Features · TextAnalysis

#Features

Creating a Document Term Matrix

Often we want to represent documents as a matrix of word counts so that we can apply linear algebra operations and statistical techniques. Before we do this, we need to update the lexicon:

update_lexicon!(crps)
m = DocumentTermMatrix(crps)

A DocumentTermMatrix object is a special type. If you would like to use a simple sparse matrix, call dtm() on this object:

dtm(m)

If you would like to use a dense matrix instead, you can pass this as an argument to the dtm function:

dtm(m, :dense)

Creating Individual Rows of a Document Term Matrix

In many cases, we don't need the entire document term matrix at once: we can make do with just a single row.
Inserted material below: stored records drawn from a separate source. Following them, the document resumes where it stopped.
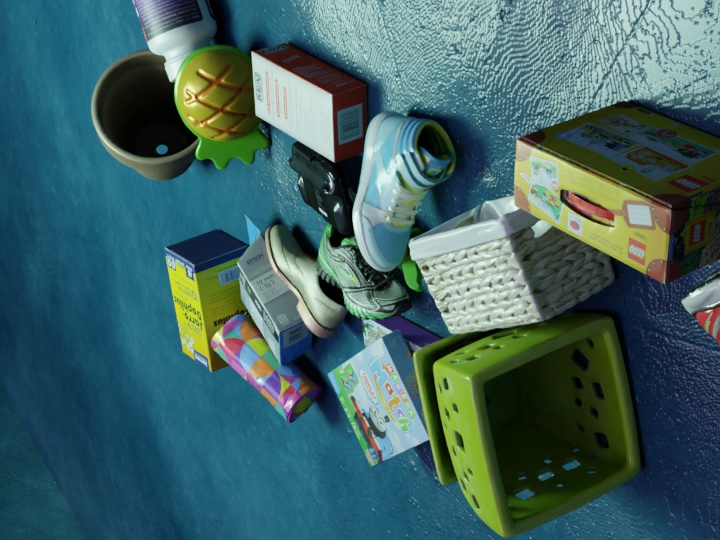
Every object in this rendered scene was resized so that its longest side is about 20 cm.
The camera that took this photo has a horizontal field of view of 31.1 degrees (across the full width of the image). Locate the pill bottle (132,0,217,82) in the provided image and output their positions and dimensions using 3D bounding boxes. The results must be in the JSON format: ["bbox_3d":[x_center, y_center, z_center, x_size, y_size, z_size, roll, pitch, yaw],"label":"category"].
[{"bbox_3d":[-0.284,-0.396,1.971,0.111,0.111,0.201,-12,97,60],"label":"pill bottle"}]

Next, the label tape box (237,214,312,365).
[{"bbox_3d":[-0.150,0.032,2.033,0.201,0.066,0.144,55,165,20],"label":"label tape box"}]

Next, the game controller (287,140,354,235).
[{"bbox_3d":[-0.051,-0.116,1.804,0.105,0.042,0.200,67,170,-25],"label":"game controller"}]

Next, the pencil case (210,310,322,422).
[{"bbox_3d":[-0.154,0.156,2.099,0.200,0.088,0.089,44,143,20],"label":"pencil case"}]

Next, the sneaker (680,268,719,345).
[{"bbox_3d":[0.381,0.021,1.187,0.085,0.077,0.200,54,156,3],"label":"sneaker"}]

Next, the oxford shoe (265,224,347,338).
[{"bbox_3d":[-0.075,0.002,1.943,0.074,0.071,0.201,-46,65,31],"label":"oxford shoe"}]

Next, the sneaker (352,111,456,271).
[{"bbox_3d":[0.057,-0.095,1.590,0.130,0.079,0.202,9,98,55],"label":"sneaker"}]

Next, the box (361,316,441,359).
[{"bbox_3d":[0.078,0.146,1.786,0.200,0.039,0.138,28,130,50],"label":"box"}]

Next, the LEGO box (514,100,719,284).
[{"bbox_3d":[0.266,-0.080,1.218,0.200,0.148,0.078,34,135,46],"label":"LEGO box"}]

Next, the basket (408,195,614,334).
[{"bbox_3d":[0.170,-0.012,1.443,0.200,0.135,0.124,-12,102,60],"label":"basket"}]

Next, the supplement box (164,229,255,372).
[{"bbox_3d":[-0.248,0.050,2.197,0.109,0.109,0.202,26,130,50],"label":"supplement box"}]

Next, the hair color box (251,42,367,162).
[{"bbox_3d":[-0.071,-0.233,1.772,0.200,0.061,0.102,34,136,44],"label":"hair color box"}]

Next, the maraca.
[{"bbox_3d":[-0.204,-0.243,1.930,0.107,0.136,0.201,-96,-2,-56],"label":"maraca"}]

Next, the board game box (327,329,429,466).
[{"bbox_3d":[0.034,0.182,1.805,0.152,0.036,0.200,64,150,8],"label":"board game box"}]

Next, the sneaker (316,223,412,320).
[{"bbox_3d":[0.000,0.000,1.785,0.200,0.078,0.086,40,139,41],"label":"sneaker"}]

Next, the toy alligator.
[{"bbox_3d":[0.044,-0.057,1.710,0.054,0.059,0.201,-41,55,12],"label":"toy alligator"}]

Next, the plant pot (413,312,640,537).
[{"bbox_3d":[0.177,0.158,1.479,0.181,0.199,0.201,17,123,61],"label":"plant pot"}]

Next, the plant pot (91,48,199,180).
[{"bbox_3d":[-0.331,-0.232,2.105,0.201,0.199,0.175,61,166,14],"label":"plant pot"}]
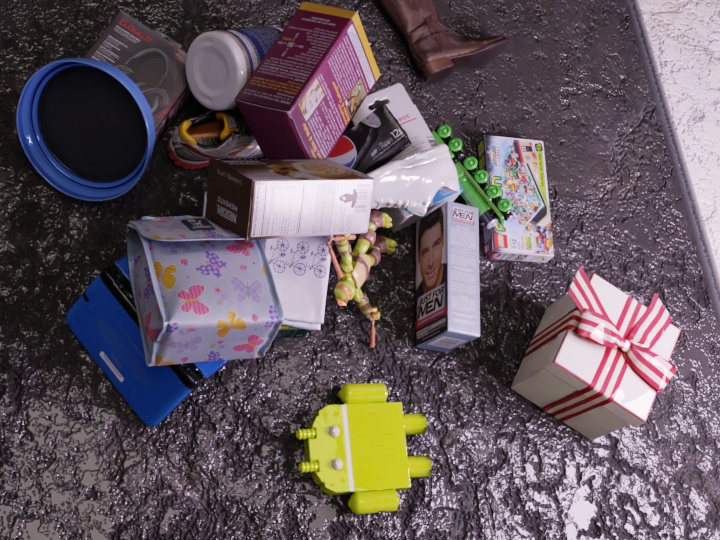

You can get this using the dtv function. Because individual's document do not have a lexicon associated with them, we have to pass in a lexicon as an additional argument:

dtv(crps[1], lexicon(crps))

The Hash Trick

The need to create a lexicon before we can construct a document term matrix is often prohibitive. We can often employ a trick that has come to be called the "Hash Trick" in which we replace terms with their hashed valued using a hash function that outputs integers from 1 to N. To construct such a hash function, you can use the TextHashFunction(N) constructor:

h = TextHashFunction(10)

You can see how this function maps strings to numbers by calling the index_hash function:

index_hash("a", h)
index_hash("b", h)

Using a text hash function, we can represent a document as a vector with N entries by calling the hash_dtv function:

hash_dtv(crps[1], h)

This can be done for a corpus as a whole to construct a DTM without defining a lexicon in advance:

hash_dtm(crps, h)

Every corpus has a hash function built-in, so this function can be called using just one argument:

hash_dtm(crps)

Moreover, if you do not specify a hash function for just one row of the hash DTM, a default hash function will be constructed for you:

hash_dtv(crps[1])

TF-IDF

In many cases, raw word counts are not appropriate for use because:

(A) Some documents are longer than other documents
(B) Some words are more frequent than other words

You can work around this by performing TF-IDF on a DocumentTermMatrix:

m = DocumentTermMatrix(crps)
tf_idf(m)

As you can see, TF-IDF has the effect of inserting 0's into the columns of words that occur in all documents. This is a useful way to avoid having to remove those words during preprocessing.